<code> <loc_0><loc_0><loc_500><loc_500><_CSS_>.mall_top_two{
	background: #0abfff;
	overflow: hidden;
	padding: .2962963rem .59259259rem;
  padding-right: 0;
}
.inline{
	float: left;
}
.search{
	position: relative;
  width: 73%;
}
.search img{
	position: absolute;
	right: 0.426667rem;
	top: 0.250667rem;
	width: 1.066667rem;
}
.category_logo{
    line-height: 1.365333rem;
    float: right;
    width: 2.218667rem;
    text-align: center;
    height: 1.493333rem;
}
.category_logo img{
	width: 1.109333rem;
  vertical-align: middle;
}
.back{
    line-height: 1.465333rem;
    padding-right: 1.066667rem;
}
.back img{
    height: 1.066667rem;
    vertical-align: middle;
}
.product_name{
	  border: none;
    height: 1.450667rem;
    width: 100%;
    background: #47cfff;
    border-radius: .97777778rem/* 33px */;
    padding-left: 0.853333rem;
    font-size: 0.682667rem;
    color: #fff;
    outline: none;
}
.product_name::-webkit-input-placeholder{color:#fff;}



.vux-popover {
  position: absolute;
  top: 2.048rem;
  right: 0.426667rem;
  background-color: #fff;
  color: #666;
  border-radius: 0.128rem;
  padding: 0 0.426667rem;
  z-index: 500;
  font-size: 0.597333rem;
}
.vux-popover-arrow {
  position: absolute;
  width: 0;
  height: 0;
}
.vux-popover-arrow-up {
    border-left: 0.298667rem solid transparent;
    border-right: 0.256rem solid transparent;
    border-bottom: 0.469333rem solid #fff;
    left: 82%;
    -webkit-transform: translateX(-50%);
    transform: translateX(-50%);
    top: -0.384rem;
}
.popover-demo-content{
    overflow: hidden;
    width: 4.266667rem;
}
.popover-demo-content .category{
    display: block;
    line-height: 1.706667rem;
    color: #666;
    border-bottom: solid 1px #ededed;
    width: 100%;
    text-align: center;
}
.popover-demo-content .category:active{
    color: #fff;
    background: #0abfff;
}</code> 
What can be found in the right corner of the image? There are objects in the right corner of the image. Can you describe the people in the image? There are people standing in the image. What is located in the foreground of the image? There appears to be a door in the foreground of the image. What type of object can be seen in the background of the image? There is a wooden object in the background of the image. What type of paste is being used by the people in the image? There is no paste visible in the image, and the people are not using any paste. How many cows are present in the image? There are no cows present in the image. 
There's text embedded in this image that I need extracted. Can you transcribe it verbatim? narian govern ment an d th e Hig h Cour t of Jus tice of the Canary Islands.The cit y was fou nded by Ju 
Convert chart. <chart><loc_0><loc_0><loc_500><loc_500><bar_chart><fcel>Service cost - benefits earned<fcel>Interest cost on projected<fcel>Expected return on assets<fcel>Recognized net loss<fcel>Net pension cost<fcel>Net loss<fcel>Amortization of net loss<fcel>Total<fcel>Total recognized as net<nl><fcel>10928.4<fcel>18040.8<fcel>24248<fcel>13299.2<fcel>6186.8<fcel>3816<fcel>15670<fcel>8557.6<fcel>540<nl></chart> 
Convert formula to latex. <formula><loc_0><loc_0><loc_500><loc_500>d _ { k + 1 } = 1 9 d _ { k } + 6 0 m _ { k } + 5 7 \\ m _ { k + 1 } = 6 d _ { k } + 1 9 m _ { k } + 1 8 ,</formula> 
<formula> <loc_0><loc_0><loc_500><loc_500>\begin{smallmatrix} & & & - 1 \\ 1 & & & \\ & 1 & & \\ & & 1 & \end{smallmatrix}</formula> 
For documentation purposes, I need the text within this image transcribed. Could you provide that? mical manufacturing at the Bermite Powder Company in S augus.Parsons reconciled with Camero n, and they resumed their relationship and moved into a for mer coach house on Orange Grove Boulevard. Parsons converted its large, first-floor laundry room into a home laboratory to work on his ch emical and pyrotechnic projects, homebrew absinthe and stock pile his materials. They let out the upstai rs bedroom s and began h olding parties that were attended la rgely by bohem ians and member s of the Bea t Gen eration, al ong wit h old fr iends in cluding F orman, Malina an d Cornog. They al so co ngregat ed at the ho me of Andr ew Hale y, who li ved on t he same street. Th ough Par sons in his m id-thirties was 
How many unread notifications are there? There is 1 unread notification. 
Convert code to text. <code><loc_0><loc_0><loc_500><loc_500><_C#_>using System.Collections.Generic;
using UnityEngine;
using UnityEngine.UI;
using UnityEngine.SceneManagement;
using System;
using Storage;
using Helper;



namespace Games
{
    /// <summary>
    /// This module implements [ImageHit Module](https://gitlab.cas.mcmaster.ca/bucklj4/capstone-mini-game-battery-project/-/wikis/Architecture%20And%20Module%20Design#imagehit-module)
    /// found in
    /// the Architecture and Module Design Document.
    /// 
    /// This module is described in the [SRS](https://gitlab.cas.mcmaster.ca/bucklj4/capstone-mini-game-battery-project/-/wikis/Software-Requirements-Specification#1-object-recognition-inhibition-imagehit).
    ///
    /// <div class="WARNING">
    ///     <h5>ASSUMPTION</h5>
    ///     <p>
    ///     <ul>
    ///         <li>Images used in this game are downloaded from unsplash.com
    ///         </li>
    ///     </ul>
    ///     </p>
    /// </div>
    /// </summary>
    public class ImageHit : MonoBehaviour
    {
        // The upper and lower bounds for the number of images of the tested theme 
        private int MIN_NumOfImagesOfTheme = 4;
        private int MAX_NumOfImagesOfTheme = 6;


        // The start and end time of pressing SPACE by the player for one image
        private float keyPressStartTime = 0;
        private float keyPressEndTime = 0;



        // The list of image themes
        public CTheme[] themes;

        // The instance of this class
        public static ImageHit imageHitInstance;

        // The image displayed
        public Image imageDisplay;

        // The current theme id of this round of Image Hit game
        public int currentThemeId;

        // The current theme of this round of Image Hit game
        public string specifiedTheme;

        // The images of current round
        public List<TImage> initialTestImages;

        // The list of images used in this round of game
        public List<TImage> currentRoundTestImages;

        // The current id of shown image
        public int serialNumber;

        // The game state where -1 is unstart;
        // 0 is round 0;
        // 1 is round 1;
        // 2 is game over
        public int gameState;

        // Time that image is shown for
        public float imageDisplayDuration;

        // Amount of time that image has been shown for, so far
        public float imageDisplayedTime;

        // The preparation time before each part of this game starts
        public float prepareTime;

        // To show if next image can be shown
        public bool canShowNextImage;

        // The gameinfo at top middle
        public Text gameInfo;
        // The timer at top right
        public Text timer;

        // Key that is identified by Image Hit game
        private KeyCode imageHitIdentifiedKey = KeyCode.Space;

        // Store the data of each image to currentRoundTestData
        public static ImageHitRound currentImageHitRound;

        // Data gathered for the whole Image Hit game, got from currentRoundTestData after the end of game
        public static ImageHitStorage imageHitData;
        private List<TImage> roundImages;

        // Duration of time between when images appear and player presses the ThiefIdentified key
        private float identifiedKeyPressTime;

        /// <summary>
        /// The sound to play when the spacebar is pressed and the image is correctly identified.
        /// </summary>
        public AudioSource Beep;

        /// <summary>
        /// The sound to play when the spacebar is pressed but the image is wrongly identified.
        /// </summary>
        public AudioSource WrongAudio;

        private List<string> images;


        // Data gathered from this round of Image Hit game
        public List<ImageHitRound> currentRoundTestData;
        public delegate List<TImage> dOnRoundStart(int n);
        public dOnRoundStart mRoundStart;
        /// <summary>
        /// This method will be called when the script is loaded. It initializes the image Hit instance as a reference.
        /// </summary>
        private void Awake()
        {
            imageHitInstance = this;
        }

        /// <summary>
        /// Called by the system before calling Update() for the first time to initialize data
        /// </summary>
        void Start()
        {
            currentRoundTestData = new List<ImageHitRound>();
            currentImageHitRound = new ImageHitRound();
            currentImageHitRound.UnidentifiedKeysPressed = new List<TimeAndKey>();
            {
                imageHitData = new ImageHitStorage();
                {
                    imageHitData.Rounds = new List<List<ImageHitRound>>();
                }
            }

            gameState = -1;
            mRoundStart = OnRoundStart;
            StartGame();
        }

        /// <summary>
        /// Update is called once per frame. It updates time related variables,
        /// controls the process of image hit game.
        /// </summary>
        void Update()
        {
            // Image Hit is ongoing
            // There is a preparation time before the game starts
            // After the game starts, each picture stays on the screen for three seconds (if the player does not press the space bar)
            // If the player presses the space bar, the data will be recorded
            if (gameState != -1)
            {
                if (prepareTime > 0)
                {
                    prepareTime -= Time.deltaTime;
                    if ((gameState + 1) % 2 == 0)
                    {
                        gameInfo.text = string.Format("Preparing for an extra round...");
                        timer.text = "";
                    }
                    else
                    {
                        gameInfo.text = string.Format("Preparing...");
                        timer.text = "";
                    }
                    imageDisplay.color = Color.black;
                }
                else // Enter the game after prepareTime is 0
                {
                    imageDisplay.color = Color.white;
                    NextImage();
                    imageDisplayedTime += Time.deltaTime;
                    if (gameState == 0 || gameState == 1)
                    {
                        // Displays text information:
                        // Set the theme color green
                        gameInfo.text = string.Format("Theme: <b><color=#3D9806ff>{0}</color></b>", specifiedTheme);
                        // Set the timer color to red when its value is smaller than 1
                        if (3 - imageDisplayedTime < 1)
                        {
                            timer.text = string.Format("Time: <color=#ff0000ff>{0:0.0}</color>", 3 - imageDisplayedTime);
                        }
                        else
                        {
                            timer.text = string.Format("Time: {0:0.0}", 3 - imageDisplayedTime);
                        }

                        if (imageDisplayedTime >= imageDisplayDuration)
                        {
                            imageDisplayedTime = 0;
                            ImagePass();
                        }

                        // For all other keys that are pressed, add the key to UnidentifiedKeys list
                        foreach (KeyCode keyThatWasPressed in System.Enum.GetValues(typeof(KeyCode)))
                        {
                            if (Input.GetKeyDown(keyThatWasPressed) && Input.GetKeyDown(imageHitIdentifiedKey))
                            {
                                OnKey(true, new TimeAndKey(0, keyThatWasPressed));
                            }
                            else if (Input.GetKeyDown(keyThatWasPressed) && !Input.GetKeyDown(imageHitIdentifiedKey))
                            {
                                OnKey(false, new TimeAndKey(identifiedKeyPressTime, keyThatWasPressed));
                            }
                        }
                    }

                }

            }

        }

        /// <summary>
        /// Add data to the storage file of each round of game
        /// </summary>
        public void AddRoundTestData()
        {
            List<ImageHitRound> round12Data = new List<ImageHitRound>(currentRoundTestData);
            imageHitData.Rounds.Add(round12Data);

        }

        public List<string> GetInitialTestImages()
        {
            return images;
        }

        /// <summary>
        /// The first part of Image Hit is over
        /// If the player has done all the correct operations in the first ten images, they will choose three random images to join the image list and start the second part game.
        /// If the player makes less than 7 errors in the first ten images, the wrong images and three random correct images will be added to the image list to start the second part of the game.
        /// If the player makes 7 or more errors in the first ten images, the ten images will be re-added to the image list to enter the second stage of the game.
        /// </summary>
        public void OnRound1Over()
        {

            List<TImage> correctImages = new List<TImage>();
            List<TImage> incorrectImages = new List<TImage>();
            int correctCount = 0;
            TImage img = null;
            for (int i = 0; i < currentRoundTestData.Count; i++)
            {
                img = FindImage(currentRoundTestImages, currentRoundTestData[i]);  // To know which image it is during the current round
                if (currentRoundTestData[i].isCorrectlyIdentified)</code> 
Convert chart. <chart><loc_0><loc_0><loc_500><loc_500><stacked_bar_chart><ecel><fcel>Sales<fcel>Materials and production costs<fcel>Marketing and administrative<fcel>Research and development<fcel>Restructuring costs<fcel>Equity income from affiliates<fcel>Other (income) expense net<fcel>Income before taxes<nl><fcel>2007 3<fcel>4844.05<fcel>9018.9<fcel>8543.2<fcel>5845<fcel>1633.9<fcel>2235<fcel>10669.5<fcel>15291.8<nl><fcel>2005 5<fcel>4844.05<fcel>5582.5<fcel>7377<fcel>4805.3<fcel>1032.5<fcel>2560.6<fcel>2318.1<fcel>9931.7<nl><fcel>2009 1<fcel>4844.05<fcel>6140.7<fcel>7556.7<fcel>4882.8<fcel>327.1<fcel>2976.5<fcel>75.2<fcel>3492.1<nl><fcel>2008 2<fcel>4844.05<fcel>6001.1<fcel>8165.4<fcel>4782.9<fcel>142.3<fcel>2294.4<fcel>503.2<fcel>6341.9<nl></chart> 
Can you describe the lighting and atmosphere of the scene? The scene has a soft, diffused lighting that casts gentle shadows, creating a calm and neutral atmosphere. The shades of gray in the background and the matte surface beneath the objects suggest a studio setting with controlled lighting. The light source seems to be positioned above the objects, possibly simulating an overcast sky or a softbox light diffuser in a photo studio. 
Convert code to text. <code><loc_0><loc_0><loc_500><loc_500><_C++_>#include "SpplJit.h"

━━━━━━━━━━

WHAT NEEDS TO BE DONE: What you give back should be exactly the lines from the one with "the current round" through the final line of the listing, and no others.

FINISHED EXERCISE:
                img = FindImage(currentRoundTestImages, currentRoundTestData[i]);  // To know which image it is during the current round
                if (currentRoundTestData[i].isCorrectlyIdentified)</code> 
Convert chart. <chart><loc_0><loc_0><loc_500><loc_500><stacked_bar_chart><ecel><fcel>Sales<fcel>Materials and production costs<fcel>Marketing and administrative<fcel>Research and development<fcel>Restructuring costs<fcel>Equity income from affiliates<fcel>Other (income) expense net<fcel>Income before taxes<nl><fcel>2007 3<fcel>4844.05<fcel>9018.9<fcel>8543.2<fcel>5845<fcel>1633.9<fcel>2235<fcel>10669.5<fcel>15291.8<nl><fcel>2005 5<fcel>4844.05<fcel>5582.5<fcel>7377<fcel>4805.3<fcel>1032.5<fcel>2560.6<fcel>2318.1<fcel>9931.7<nl><fcel>2009 1<fcel>4844.05<fcel>6140.7<fcel>7556.7<fcel>4882.8<fcel>327.1<fcel>2976.5<fcel>75.2<fcel>3492.1<nl><fcel>2008 2<fcel>4844.05<fcel>6001.1<fcel>8165.4<fcel>4782.9<fcel>142.3<fcel>2294.4<fcel>503.2<fcel>6341.9<nl></chart> 
Can you describe the lighting and atmosphere of the scene? The scene has a soft, diffused lighting that casts gentle shadows, creating a calm and neutral atmosphere. The shades of gray in the background and the matte surface beneath the objects suggest a studio setting with controlled lighting. The light source seems to be positioned above the objects, possibly simulating an overcast sky or a softbox light diffuser in a photo studio. 
Convert code to text. <code><loc_0><loc_0><loc_500><loc_500><_C++_>#include "SpplJit.h"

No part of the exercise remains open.